START EXERCISE MATERIALS
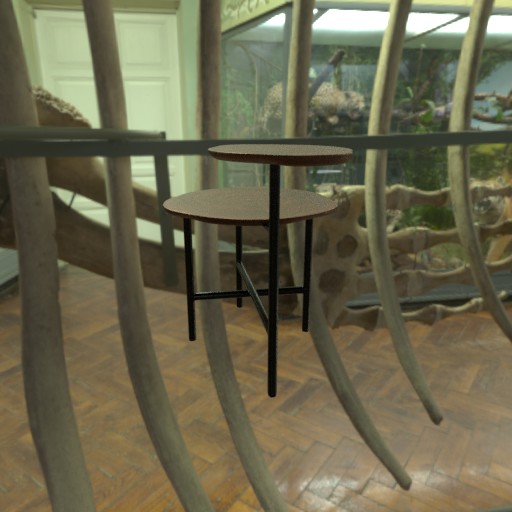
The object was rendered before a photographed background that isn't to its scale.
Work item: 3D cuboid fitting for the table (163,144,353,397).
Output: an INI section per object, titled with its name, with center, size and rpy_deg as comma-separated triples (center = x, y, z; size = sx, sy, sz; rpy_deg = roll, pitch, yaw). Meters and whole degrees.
END EXERCISE MATERIALS
START EXERCISE MATERIALS
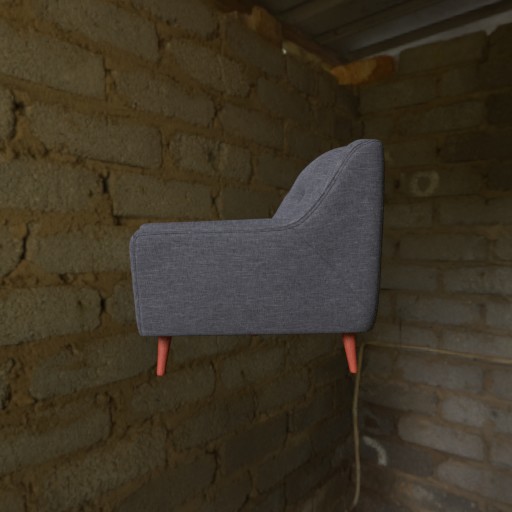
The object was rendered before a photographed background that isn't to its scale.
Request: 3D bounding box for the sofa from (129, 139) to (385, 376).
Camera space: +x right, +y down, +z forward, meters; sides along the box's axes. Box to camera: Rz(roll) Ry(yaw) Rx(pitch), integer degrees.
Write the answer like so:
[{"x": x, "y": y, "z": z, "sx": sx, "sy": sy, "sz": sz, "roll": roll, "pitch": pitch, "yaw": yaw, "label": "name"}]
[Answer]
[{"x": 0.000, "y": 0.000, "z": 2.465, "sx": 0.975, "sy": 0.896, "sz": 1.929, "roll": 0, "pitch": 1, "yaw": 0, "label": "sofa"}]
END EXERCISE MATERIALS
● **REQUIREMENT**
The result is a copy of every line above where the word "name" shows up.

● **EXERCISE ANSWER**
Output: an INI section per object, titled with its name, with center, size and rpy_deg as comma-separated triples (center = x, y, z; size = sx, sy, sz; rpy_deg = roll, pitch, yaw). Meters and whole degrees.
[{"x": x, "y": y, "z": z, "sx": sx, "sy": sy, "sz": sz, "roll": roll, "pitch": pitch, "yaw": yaw, "label": "name"}]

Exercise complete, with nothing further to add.